7. Implementation Plan

Phase 1: Planning and Configuration Before writing execution code, define the configuration variables in config/runtime.conf. Hardcoding values is an anti-pattern in platform engineering. Set your targeted memory limit and custom container hostname within this file.

Phase 2: Establishing Resource Boundaries In your run_container.sh script, implement the logic to safely create a new Cgroup v2 directory (e.g., /sys/fs/cgroup/custom_runtime_cg). Parse the memory limit from runtime.conf and apply it to memory.max.

Phase 3: Launching the Isolated Payload Within the same script, utilize unshare to launch a bash shell payload. You must configure flags to isolate PID (--pid --fork --mount-proc), UTS (--uts), and Network (--net). Crucially, write the PID of this newly spawned child process into your Cgroup’s cgroup.procs file to dynamically enforce the memory limit.

Phase 4: Debugging and Verification Once the container is running, use a secondary host terminal to strace the containerized process and verify it is appropriately restricted. Write a cleanup.sh script to delete the cgroup and kill hanging processes upon termination to ensure infrastructure immutability.

8. Validation Criteria

Execute your verification script or perform the following commands manually to prove the engine works perfectly.

# 1. Start the container in the background
sudo ./scripts/run_container.sh &
CONT_PID=$!
 
# 2. Verify the cgroup was created and memory limit is applied
cat /sys/fs/cgroup/custom_runtime_cg/memory.max
 
# 3. Verify the container's PID is isolated from the host
sudo lsof -p $CONT_PID

Expected Output:

104857600
COMMAND  PID USER   FD   TYPE DEVICE SIZE/OFF NODE NAME
... (Process scoped exclusively to its own pseudo-terminal and isolated environment)

9. Troubleshooting Guidance

  • Issue: unshare: mount /proc failed: Permission denied. Solution: You are likely running this inside a Docker container without the --privileged flag. The kernel strictly blocks recursive namespace manipulation by default to prevent breakouts. Run on a dedicated VM or a privileged container.
  • Issue: write error: No space left on device when writing to cgroup.procs. Solution: Ensure you have root privileges and your system is running Cgroups v2 (stat -fc %T /sys/fs/cgroup/ should output cgroup2fs).
  • Issue: Orphaned processes consuming resources. Solution: Use top and kill -9 to terminate rogue processes.
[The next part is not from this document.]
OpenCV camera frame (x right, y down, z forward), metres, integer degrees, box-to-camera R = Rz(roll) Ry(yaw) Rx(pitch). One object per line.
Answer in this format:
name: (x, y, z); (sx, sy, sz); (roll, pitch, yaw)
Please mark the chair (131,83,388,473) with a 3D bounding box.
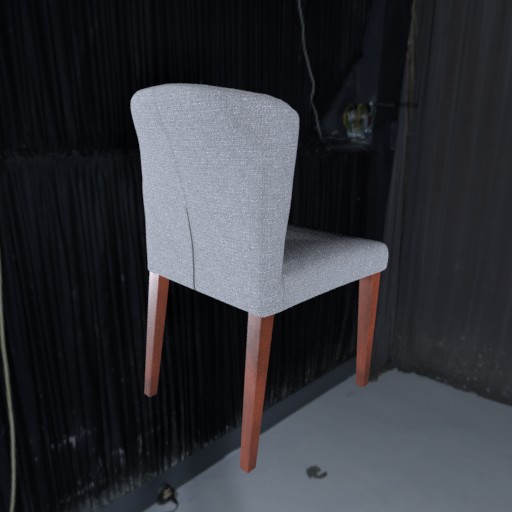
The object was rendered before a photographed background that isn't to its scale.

Always run cleanup.sh after execution.

10. Stretch Goals

  • Root Filesystem Isolation: Expand unshare to pivot into an entirely new root filesystem using chroot or pivot_root layered with an Alpine Linux tarball.
  • Network Bridging: Use ip link and veth pairs to bridge the isolated container namespace to the host network so it can ping external IP addresses.
  • Security Hardening: Implement a seccomp profile or drop Linux capabilities (using tools like capsh) inside the container to prevent privilege escalation attacks.

11. Reflection

  • What are the architectural trade-offs between utilizing hardware virtualization (VMs) versus kernel namespace isolation (Containers) regarding security vs. performance?
  • Why is it fundamentally dangerous to run processes as root inside a container, even if the container has its own namespace?
  • How did tracking the underlying file descriptors (lsof) change your mental model of the “everything is a file” philosophy?

12. Portfolio Presentation Tips

  • GitHub: Create a pristine repository. Feature the Mermaid architecture diagram heavily in the README.md. Detail the flow of system calls when a container is bootstrapped.
  • Personal Portfolio: Present this project as a demonstration of “First Principles Engineering.” Showcase that you don’t just use Docker—you understand exactly how it works natively in the Linux kernel.
  • Technical Blog: Write a deep-dive article titled “Building Docker from Scratch: A Journey into Linux Namespaces and Cgroups”. Break down how unshare operates under the hood.
  • Resume: Include a quantitative bullet: “Architected a lightweight Linux container runtime utilizing Cgroups v2 and Kernel Namespaces, successfully proving complete process and memory isolation for untrusted enterprise payloads.”
  • Interview Discussion: When asked about container security, pivot the conversation to how you built a runtime from scratch. Confidently draw the relationships between the Root Kernel, Cgroups, and PID Namespaces on a whiteboard.